> Exercise requirements
Count every line of the listing where the string "ezdxf" occurs, and reply with the count alone.

> Data for the task
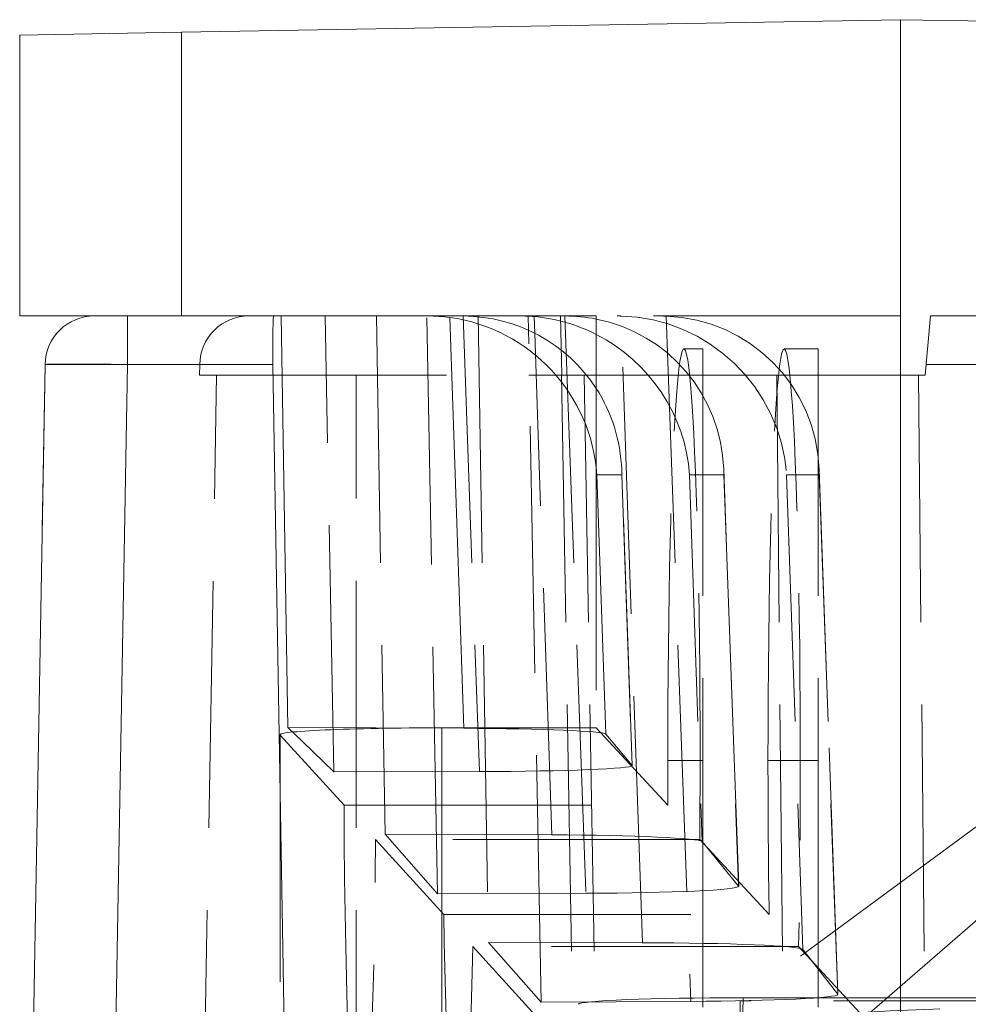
# Model space of a CAD drawing. Header units: millimetres. Extents: x -8.5 to 8.5, y 0 to 12.5.
# Tile 2 of 4: x -8.5 to -2.7, y 6.5 to 12.5. Entities that reach past the tile are written whole.
import ezdxf

# ---------------------------------------------------------------- set-up
doc = ezdxf.new("R2010")
doc.units = ezdxf.units.MM
doc.header["$LTSCALE"] = 10
doc.linetypes.add('ALLCAD_Strich', pattern=[0.2, 0.15, -0.05])
doc.layers.add('BESCH_KONT_verb_schn_grun_2d', color=10, linetype='Continuous')

msp = doc.modelspace()

# ---------------------------------------------------------------- linework, layer by layer
at = {"layer": 'BESCH_KONT_verb_schn_grun_2d', "linetype": 'Continuous', "lineweight": 0}
for p, q in [((-3.15, 12.46), (-7.5175, 12.3838)), ((7.5175, 12.2738), (-3.15, 12.46)), ((-3.15, 12.46), (-3.15, 4.46)), ((-8.5, 12.3666), (-7.5175, 12.3838)), ((-7.5175, 10.66), (-7.5175, 12.3838)), ((-8.5, 10.66), (-8.5, 12.3666)), ((-8.0462, 10.66), (-8.5, 10.66)), ((-7.8462, 10.66), (-6.956, 10.66)), ((-7.8462, 10.3652), (-7.8462, 10.66)), ((-6.956, 10.66), (-6.9113, 10.66)), ((-6.9113, 10.66), (-6.8707, 8.1605)), ((-6.9113, 10.66), (-6.0226, 10.66)), ((-6.0226, 10.66), (-5.9728, 10.66)), ((-5.9728, 10.66), (-4.9987, 10.66)), ((-5.8019, 8.155), (-5.8868, 10.6508)), ((-5.3721, 10.5555), (-5.3755, 10.6562)), ((-4.9987, 10.66), (-4.9987, 9.8858)), ((-8.3461, 10.3652), (-8.5, 1.55)), ((-7.8462, 10.3652), (-8.0001, 1.55)), ((-6.9619, 10.3652), (-7.8462, 10.3652)), ((-6.8556, 4.0425), (-6.9619, 10.3652)), ((-4.9946, 9.6949), (-4.9735, 9.6949)), ((-4.9946, 9.6949), (-4.941, 8.12)), ((-6.8707, 8.1605), (-6.7815, 8.0736)), ((-6.8707, 8.1605), (-5.8019, 8.155)), ((-5.9361, 8.0916), (-5.9361, 4.46)), ((-4.941, 8.12), (-4.9175, 8.0923))]:
    msp.add_line(p, q, dxfattribs=at)
at = {"layer": 'BESCH_KONT_verb_schn_grun_2d', "linetype": 'ALLCAD_Strich', "lineweight": 0}
for p, q in [((-6.5929, 7.8898), (-6.6447, 10.66)), ((-6.3323, 10.66), (-6.2812, 7.511)), ((-5.9618, 7.1498), (-6.0275, 10.66)), ((-5.807, 10.66), (-5.7077, 7.892)), ((-5.7146, 10.66), (-5.653, 6.8528)), ((-5.3337, 6.4918), (-5.4116, 10.66)), ((-5.207, 10.3), (-5.2144, 10.66)), ((-5.189, 10.66), (-5.0613, 7.1525)), ((-3.15, 10.66), (-4.9987, 10.66)), ((-4.7183, 6.8518), (-4.8472, 10.6597)), ((-4.5737, 10.6592), (-4.424, 6.4959)), ((-2.9685, 10.66), (-3, 10.3)), ((-2.9685, 10.66), (2.9685, 10.66)), ((-5.2688, 7.5072), (-5.3721, 10.5555)), ((-4.4658, 10.46), (-4.35, 10.46)), ((-4.35, 10.46), (-4.35, 7.96)), ((-3.857, 10.46), (-3.65, 10.46)), ((-3.65, 10.46), (-3.65, 7.96)), ((-8.3461, 10.3653), (-8.3636, 9.3654)), ((-7.8462, 10.3652), (-8.3461, 10.3652)), ((-7.4066, 10.3652), (-7.4076, 10.3)), ((-2.9943, 10.3652), (2.9943, 10.3652)), ((-7.4566, 1.55), (-7.3039, 10.3)), ((-7.4076, 10.3), (-5.2059, 10.3)), ((-6.4571, 1.55), (-6.4571, 10.3)), ((-5.2094, 10.3), (-5.1013, 4.0425)), ((-5.2048, 10.3), (-5.0713, 10.3)), ((-5.0713, 10.3), (-4.9631, 4.0425)), ((-5.0713, 10.3), (-3.9023, 10.3)), ((-3.9023, 10.3), (-3.84, 4.0425)), ((-3.9023, 10.3), (-3.0413, 10.3)), ((-3.0413, 10.3), (-2.979, 4.0425)), ((-3.0413, 10.3), (-3, 10.3)), ((-4.9987, 9.8858), (-4.9987, 8.1586)), ((-4.9735, 9.6949), (-4.8431, 9.6949)), ((-4.7792, 7.9285), (-4.8437, 9.7245)), ((-4.8437, 9.7245), (-4.8437, 9.7245)), ((-4.8431, 9.6949), (-4.7797, 7.9295)), ((-4.4313, 9.6949), (-4.2237, 9.6949)), ((-4.4313, 9.6949), (-4.3558, 7.4664)), ((-4.1331, 7.1949), (-4.2243, 9.7283)), ((-4.2237, 9.6949), (-4.1337, 7.1963)), ((-3.8419, 9.6949), (-3.6444, 9.6949)), ((-3.8419, 9.6949), (-3.7442, 6.8108)), ((-3.5305, 6.5381), (-3.6451, 9.7267)), ((-3.6444, 9.6949), (-3.531, 6.5395)), ((-4.9987, 8.1586), (-5.9361, 8.1579)), ((-5.9361, 8.1579), (-5.9361, 8.0916)), ((-4.9987, 8.1586), (-4.5634, 7.688)), ((-6.9187, 8.1155), (-6.9187, 4.46)), ((-6.9179, 8.1138), (-6.5301, 7.688)), ((-6.9179, 8.1138), (-6.9179, 4.46)), ((-4.9175, 8.0923), (-4.7797, 7.9295)), ((-6.7815, 8.0736), (-6.5929, 7.8898)), ((-4.35, 7.96), (-4.564, 7.96)), ((-4.35, 7.96), (-4.35, 5.46)), ((-3.65, 7.96), (-3.9552, 7.96)), ((-3.65, 7.96), (-3.65, 6.1416)), ((-5.7077, 7.892), (-6.5929, 7.8898)), ((-6.5301, 7.688), (-4.5634, 7.688)), ((-2.55, 7.66), (-4.125, 6.499)), ((-4.3695, 7.4783), (-6.339, 7.4783)), ((-6.339, 7.4783), (-5.924, 7.0227)), ((-6.2812, 7.511), (-5.9618, 7.1498)), ((-5.2688, 7.5072), (-6.2812, 7.511)), ((-4.3695, 7.4783), (-3.948, 7.0227)), ((-4.1337, 7.1963), (-4.3558, 7.4664)), ((-5.0613, 7.1525), (-5.9618, 7.1498)), ((-2.55, 7.11), (-4.085, 5.7774)), ((-5.924, 7.0227), (-3.948, 7.0227)), ((-3.7694, 6.8296), (-5.7481, 6.8296)), ((-5.7481, 6.8296), (-5.2151, 6.2446)), ((-5.653, 6.8528), (-5.3337, 6.4918)), ((-4.7183, 6.8518), (-5.653, 6.8528)), ((-3.7694, 6.8296), (-3.15, 6.16)), ((-3.531, 6.5395), (-3.7442, 6.8108)), ((-4.424, 6.4959), (-5.3337, 6.4918)), ((-4.106, 6.5179), (-4.1614, 3.46)), ((-0.0578, 6.499), (-4.125, 6.499)), ((-4.125, 6.499), (-4.125, 6.334)), ((-4.106, 6.5179), (4.106, 6.5179))]:
    msp.add_line(p, q, dxfattribs=at)
at = {"layer": 'BESCH_KONT_verb_schn_grun_2d', "linetype": 'Continuous', "lineweight": 0}
msp.add_arc((-8.0462, 10.36), 0.3, 90.00294, 178.9923, dxfattribs=at)
at = {"layer": 'BESCH_KONT_verb_schn_grun_2d', "linetype": 'ALLCAD_Strich', "lineweight": 0}
for centre, major_axis, ratio, start_param, end_param in [((-7.1065, 10.36), (-0.2313, 0.1919), 0.997101, -0.876829, 0.676514), ((-4.8727, 9.66), (0.9423, 0.3394), 0.998255, 1.200236, 1.22457), ((-4.6433, 9.66), (-0.7045, -0.7303), 0.969577, -3.893601, -2.4285), ((-5.2225, 9.66), (-0.705, -0.7308), 0.968155, -3.892825, -2.584002), ((-5.842, 9.66), (-0.7038, -0.7295), 0.971727, -3.89473, -3.364792), ((-5.4507, 9.6678), (-0.041, -0.7799), 0.777417, 1.64631, 1.68427), ((-4.8314, 9.6671), (-0.0496, -0.7799), 0.776647, 1.655796, 1.698625), ((-5.0947, 9.6371), (1.4434, 0.171), 0.827083, -0.094302, -0.067854), ((-5.9187, 8.1155), (1, 0), 0.042463, -4.694936, -3.102931), ((-6.4339, 7.96), (0, 2.5), 0.038681, -4.603386, -1.764674), ((-5.1337, 7.1949), (1.0007, -0.0001), 0.042516, -1.498378, 0.001537), ((-5.1337, 7.1949), (1.0007, -0.0001), 0.042516, 0.001537, 0.034959), ((-5.8344, 7.96), (0, 2.5), 0.038681, -4.328098, -2.039962), ((-4.5311, 6.5382), (1.0006, -0.0001), 0.042513, -1.46357, 0.001533), ((-4.5311, 6.5382), (1.0006, -0.0001), 0.042513, 0.001533, 0.033402)]:
    msp.add_ellipse(centre, major_axis=major_axis, ratio=ratio, start_param=start_param, end_param=end_param, dxfattribs=at)
at = {"layer": 'BESCH_KONT_verb_schn_grun_2d', "linetype": 'Continuous', "lineweight": 0, "extrusion": (0, 0, -1)}
for centre, major_axis, ratio, start_param, end_param in [((-6.9508, 10.36), (0.0052, -0.3), 0.036798, 1.588893, 3.142236), ((-5.9936, 9.66), (-0.7296, 0.7052), 0.97167, -5.359596, -3.959254), ((-5.8124, 9.66), (-0.2798, 0.9602), 0.998072, 0.283041, 0.289406), ((-5.4301, 9.66), (-0.7309, 0.7066), 0.968143, -5.410052, -5.019153), ((-5.9411, 8.1189), (1.0006, 0), 0.036442, -1.431201, -0.030859)]:
    msp.add_ellipse(centre, major_axis=major_axis, ratio=ratio, start_param=start_param, end_param=end_param, dxfattribs=at)
at = {"layer": 'BESCH_KONT_verb_schn_grun_2d', "linetype": 'Continuous', "lineweight": 0}
for centre, major_axis, ratio, start_param, end_param in [((-6.0236, 9.66), (0.9985, 0.1115), 0.995277, 1.323505, 1.459053), ((-5.842, 9.66), (-0.7038, -0.7295), 0.971727, -3.364792, -2.394823), ((-5.4638, 9.66), (0.9905, 0.1616), 0.996322, 1.321441, 1.408434), ((-5.2225, 9.66), (-0.705, -0.7308), 0.968155, -2.584002, -2.391635)]:
    msp.add_ellipse(centre, major_axis=major_axis, ratio=ratio, start_param=start_param, end_param=end_param, dxfattribs=at)
at = {"layer": 'BESCH_KONT_verb_schn_grun_2d', "linetype": 'ALLCAD_Strich', "lineweight": 0, "extrusion": (0, 0, -1)}
for centre, major_axis, ratio, start_param, end_param in [((-4.8407, 9.66), (-0.7303, 0.706), 0.969658, -5.471936, -3.96038), ((-4.6113, 9.66), (-0.1871, 0.9825), 0.99696, 0.18759, 0.226508), ((-3.857, 7.96), (0, 2.5), 0.039278, -1.570796, 2.039962), ((-4.4658, 7.96), (0, 2.5), 0.039278, -1.570796, 1.764674), ((-5.4301, 9.66), (-0.7309, 0.7066), 0.968143, -5.019153, -3.961155), ((-4.2102, 10.3178), (0.9999, 0.0178), 0.00124, 3.038235, 3.104807), ((-4.466, 7.96), (0, 2.4981), 0.039219, -1.679883, -1.570797), ((-3.857, 7.96), (0, 2.5), 0.039278, -1.955087, -1.570796), ((-5.7799, 7.9285), (-1.0006, 0.0001), 0.036525, -3.142907, -1.643003), ((-5.7799, 7.9285), (-1.0006, 0.0001), 0.036525, -3.172528, -3.142907), ((-5.3558, 7.465), (1.0006, 0), 0.042403, -1.483755, -0.034858), ((-4.7442, 6.8094), (1.0006, 0), 0.042402, -1.544863, -0.033308), ((-3.1371, 6.5799), (0.5, 0), 0.999201, 0.026201, 1.570796), ((-4.1064, 6.4779), (1.0002, 0), 0.039972, -3.140867, -1.570387), ((0, 6.334), (4.125, 0), 0.04, 0, 4.698386)]:
    msp.add_ellipse(centre, major_axis=major_axis, ratio=ratio, start_param=start_param, end_param=end_param, dxfattribs=at)
at = {"layer": 'BESCH_KONT_verb_schn_grun_2d', "linetype": 'Continuous', "lineweight": 0}
for points, knots in [([(-8.0462, 10.66), (-8.0462, 10.66), (-8.046, 10.66), (-8.0456, 10.66), (-8.0439, 10.66), (-8.0383, 10.66), (-8.0295, 10.66), (-8.0207, 10.66), (-8.0087, 10.66), (-7.993, 10.66), (-7.9913, 10.66), (-7.9894, 10.66), (-7.9876, 10.66), (-7.9731, 10.66), (-7.9571, 10.66), (-7.94, 10.66), (-7.9204, 10.66), (-7.8993, 10.66), (-7.8764, 10.66), (-7.8667, 10.66), (-7.8566, 10.66), (-7.8462, 10.66)], [0, 0, 0, 0, 0.0448875, 0.0448875, 0.0448875, 0.2597013, 0.2597013, 0.2597013, 0.4754683, 0.4754683, 0.4754683, 0.5, 0.5, 0.5, 0.6895526, 0.6895526, 0.6895526, 0.9073383, 0.9073383, 0.9073383, 1, 1, 1, 1]), ([(-7.8462, 10.3652), (-7.9769, 10.3666), (-8.1068, 10.3675), (-8.1994, 10.3675), (-8.292, 10.3675), (-8.3461, 10.3666), (-8.3461, 10.3652)], [0, 0, 0, 0, 0.5, 0.5, 0.5, 1, 1, 1, 1])]:
    msp.add_open_spline(points, degree=3, knots=knots, dxfattribs=at)
at = {"layer": 'BESCH_KONT_verb_schn_grun_2d', "linetype": 'ALLCAD_Strich', "lineweight": 0}
msp.add_open_spline([(-0.7878, 6.1586), (-0.9961, 6.1601), (-1.2133, 6.1603), (-1.6287, 6.1578), (-1.8322, 6.1553), (-2.2035, 6.1479), (-2.376, 6.143), (-2.6655, 6.1316), (-2.7875, 6.1249), (-2.9141, 6.1151), (-2.9471, 6.112), (-2.9886, 6.1072), (-3.001, 6.1051), (-3.001, 6.1051), (-3.001, 6.1051), (-3.0006, 6.1052), (-2.9947, 6.1061), (-2.9705, 6.1131), (-2.9605, 6.1163), (-2.9328, 6.1269), (-2.9136, 6.1352), (-2.8745, 6.1565), (-2.8544, 6.1691), (-2.8098, 6.2024), (-2.7853, 6.2247), (-2.734, 6.282), (-2.7084, 6.3196), (-2.6658, 6.4056), (-2.65, 6.456), (-2.6395, 6.5268), (-2.6378, 6.5469), (-2.6372, 6.5669)], degree=3, knots=[0, 0, 0, 0, 0.634956, 0.634956, 1.259513, 1.259513, 1.88264, 1.88264, 2.496693, 2.496693, 2.781172, 2.781172, 3.012487, 3.012487, 3.017607, 3.017607, 3.167562, 3.167562, 3.236749, 3.236749, 3.322983, 3.322983, 3.403083, 3.403083, 3.50672, 3.50672, 3.643526, 3.643526, 3.800445, 3.800445, 3.861334, 3.861334, 3.861334, 3.861334], dxfattribs=at)

doc.saveas('drawing.dxf')

> Answer
3